### INPUT
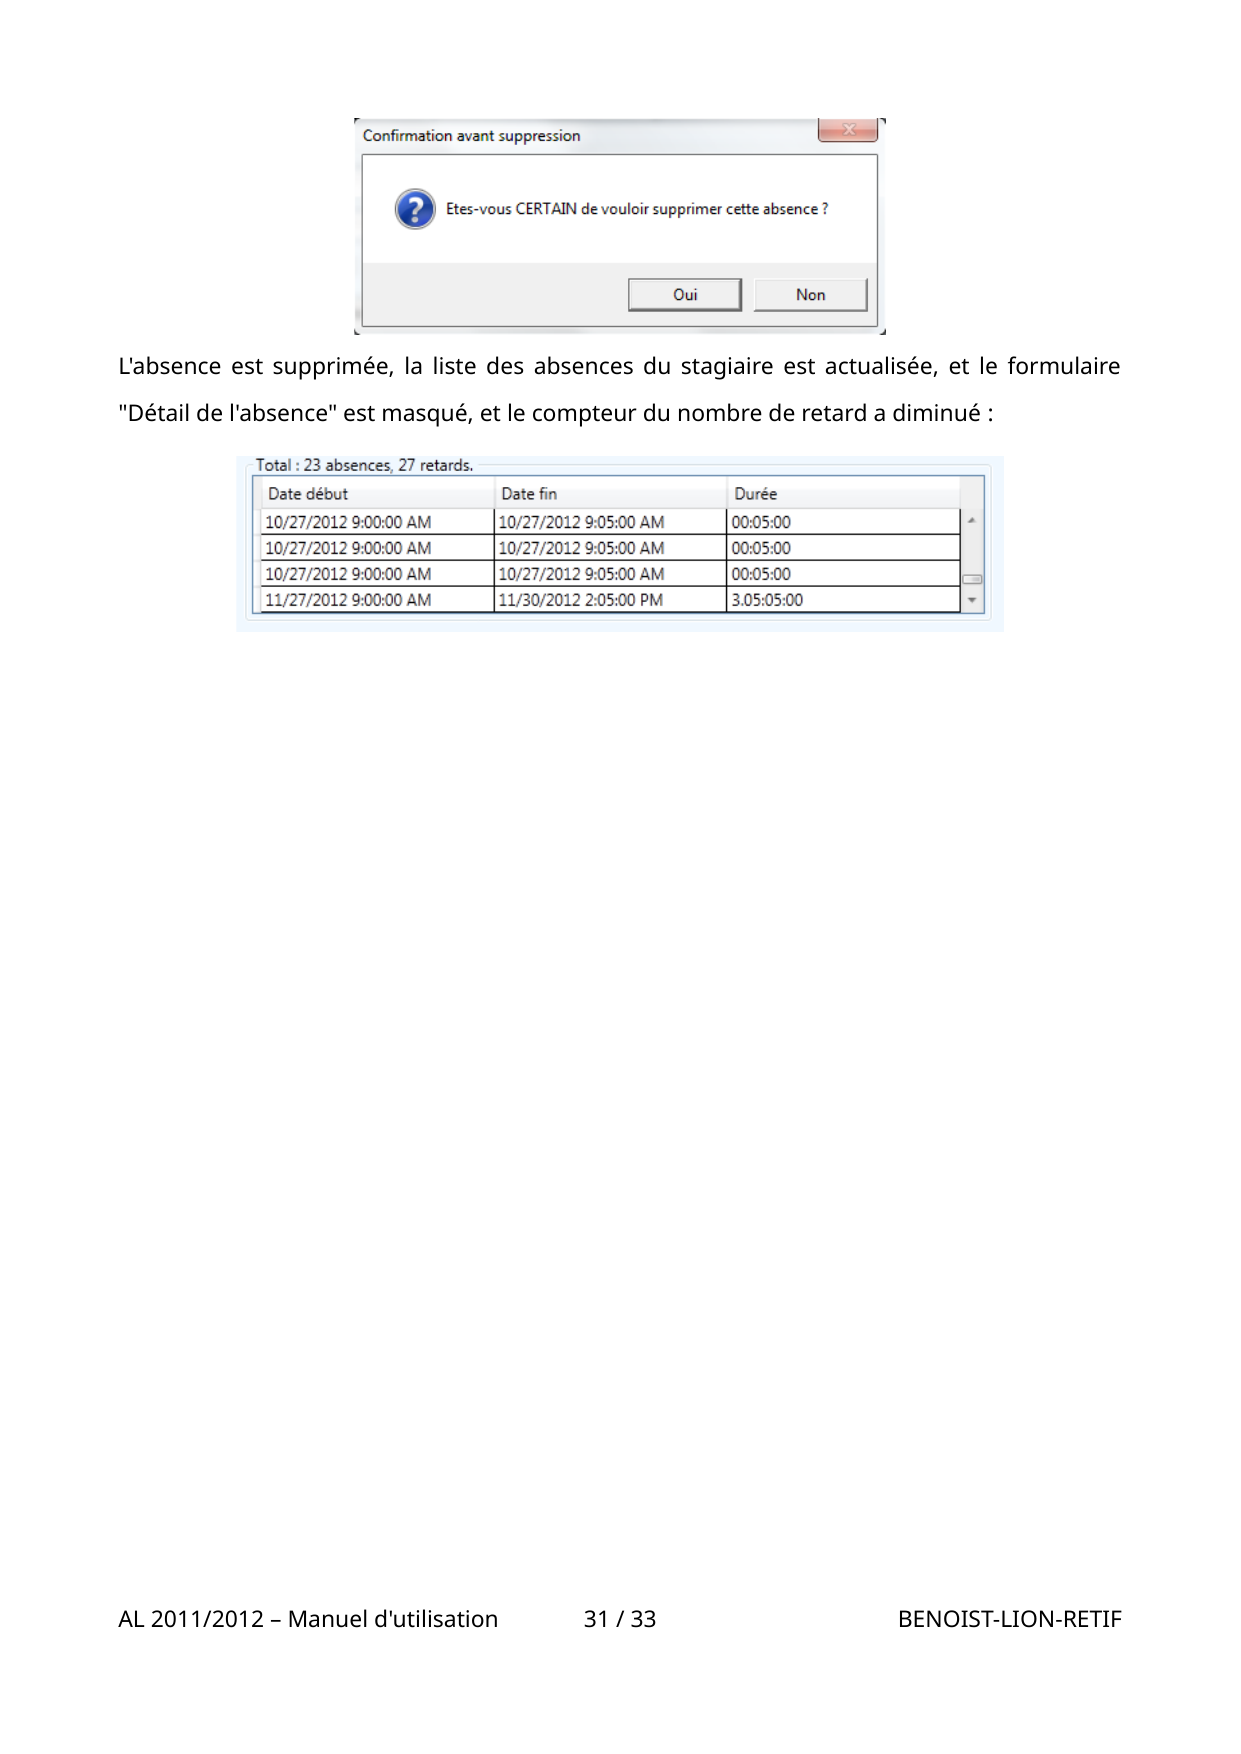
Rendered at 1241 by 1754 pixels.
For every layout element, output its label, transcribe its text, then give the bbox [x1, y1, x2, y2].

picture [354, 118, 886, 335]
text L'absence est supprimée, la liste des absences du stagiaire est actualisée, et le formulaire "Détail de l'absence" est masqué, et le compteur du nombre de retard a diminué : [118, 335, 1122, 428]
picture [236, 456, 1004, 632]

### ACTIVITY
Exclude every picture, then reproduce the remaining data character for character.

### RESULT OF THIS EXERCISE
Rendered at 1241 by 1754 pixels.
For every layout element, output its label, transcribe its text, then give the bbox [x1, y1, x2, y2].

picture [354, 118, 886, 335]
text L'absence est supprimée, la liste des absences du stagiaire est actualisée, et le formulaire "Détail de l'absence" est masqué, et le compteur du nombre de retard a diminué : [118, 335, 1122, 428]
picture [236, 456, 1004, 632]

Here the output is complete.